____ Data to examine

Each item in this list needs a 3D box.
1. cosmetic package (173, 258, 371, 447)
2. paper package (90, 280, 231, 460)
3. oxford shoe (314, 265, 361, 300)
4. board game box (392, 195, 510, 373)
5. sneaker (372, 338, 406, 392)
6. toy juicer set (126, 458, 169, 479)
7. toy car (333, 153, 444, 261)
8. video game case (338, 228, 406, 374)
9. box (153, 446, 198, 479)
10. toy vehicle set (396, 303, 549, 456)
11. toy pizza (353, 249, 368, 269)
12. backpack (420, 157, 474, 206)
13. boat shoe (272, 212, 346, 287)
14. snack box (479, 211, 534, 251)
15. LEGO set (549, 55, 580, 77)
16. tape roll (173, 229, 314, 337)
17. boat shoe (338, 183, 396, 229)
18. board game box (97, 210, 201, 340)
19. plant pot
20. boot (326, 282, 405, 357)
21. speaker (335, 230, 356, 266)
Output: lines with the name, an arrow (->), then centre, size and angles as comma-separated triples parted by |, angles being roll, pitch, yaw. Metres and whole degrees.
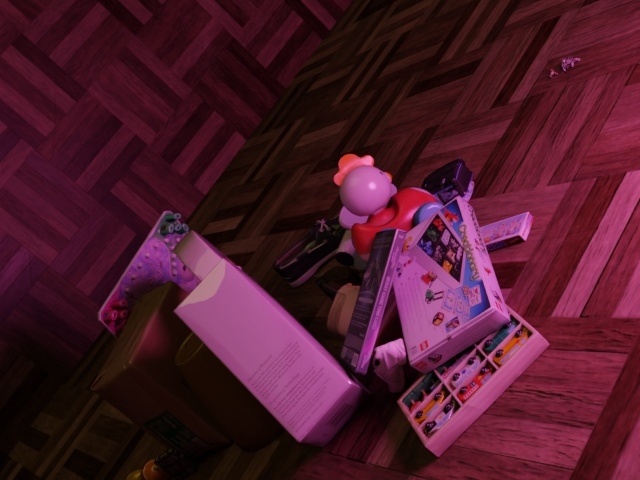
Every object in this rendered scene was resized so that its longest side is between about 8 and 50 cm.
cosmetic package -> -0.091, 0.220, 1.719 | 0.155, 0.365, 0.197 | -48, -23, -1
paper package -> -0.344, 0.319, 2.132 | 0.168, 0.325, 0.309 | -32, 25, 34
oxford shoe -> 0.056, 0.104, 2.087 | 0.096, 0.083, 0.227 | -44, 21, -3
board game box -> 0.227, 0.077, 1.635 | 0.193, 0.053, 0.305 | -37, 36, 25
sneaker -> 0.127, 0.235, 1.633 | 0.061, 0.152, 0.053 | -8, 48, -3
toy juicer set -> -0.500, 0.656, 2.167 | 0.329, 0.089, 0.209 | -42, 21, 16
toy car -> 0.132, -0.095, 1.924 | 0.210, 0.238, 0.219 | -32, 11, -8
video game case -> 0.098, 0.113, 1.689 | 0.196, 0.026, 0.274 | 170, 118, -82
box -> -0.344, 0.534, 2.087 | 0.067, 0.083, 0.018 | -37, 24, 28
toy vehicle set -> 0.258, 0.232, 1.517 | 0.267, 0.035, 0.166 | -46, 20, 3
toy pizza -> 0.161, -0.003, 2.141 | 0.201, 0.032, 0.201 | -41, 21, 20
backpack -> 0.292, -0.118, 2.014 | 0.114, 0.084, 0.105 | -24, 29, 36
boat shoe -> 0.000, 0.000, 2.366 | 0.302, 0.091, 0.114 | -45, 21, 6
snack box -> 0.352, -0.008, 1.786 | 0.178, 0.022, 0.064 | -21, 32, 50
LEGO set -> 0.577, -0.418, 2.084 | 0.083, 0.023, 0.054 | -35, 24, 29
tape roll -> -0.178, 0.127, 2.065 | 0.072, 0.392, 0.392 | -48, 20, -3
boat shoe -> 0.116, -0.074, 2.239 | 0.228, 0.080, 0.076 | -44, -19, -46
board game box -> -0.382, 0.182, 2.393 | 0.050, 0.390, 0.390 | -7, 43, 36
plant pot -> -0.195, 0.306, 1.968 | 0.237, 0.254, 0.237 | -41, 22, 20
boot -> 0.138, 0.114, 1.845 | 0.262, 0.095, 0.203 | -57, 34, -8
speaker -> 0.082, 0.002, 2.254 | 0.055, 0.055, 0.136 | -27, 29, 43

________

▸ Directions
Give back the records word for word. Start at the first line, end at the line containing "Output: lines with", and include both.

▸ Written solution
Each item in this list needs a 3D box.
1. cosmetic package (173, 258, 371, 447)
2. paper package (90, 280, 231, 460)
3. oxford shoe (314, 265, 361, 300)
4. board game box (392, 195, 510, 373)
5. sneaker (372, 338, 406, 392)
6. toy juicer set (126, 458, 169, 479)
7. toy car (333, 153, 444, 261)
8. video game case (338, 228, 406, 374)
9. box (153, 446, 198, 479)
10. toy vehicle set (396, 303, 549, 456)
11. toy pizza (353, 249, 368, 269)
12. backpack (420, 157, 474, 206)
13. boat shoe (272, 212, 346, 287)
14. snack box (479, 211, 534, 251)
15. LEGO set (549, 55, 580, 77)
16. tape roll (173, 229, 314, 337)
17. boat shoe (338, 183, 396, 229)
18. board game box (97, 210, 201, 340)
19. plant pot
20. boot (326, 282, 405, 357)
21. speaker (335, 230, 356, 266)
Output: lines with the name, an arrow (->), then centre, size and angles as comma-separated triples parted by |, angles being roll, pitch, yaw. Metres and whole degrees.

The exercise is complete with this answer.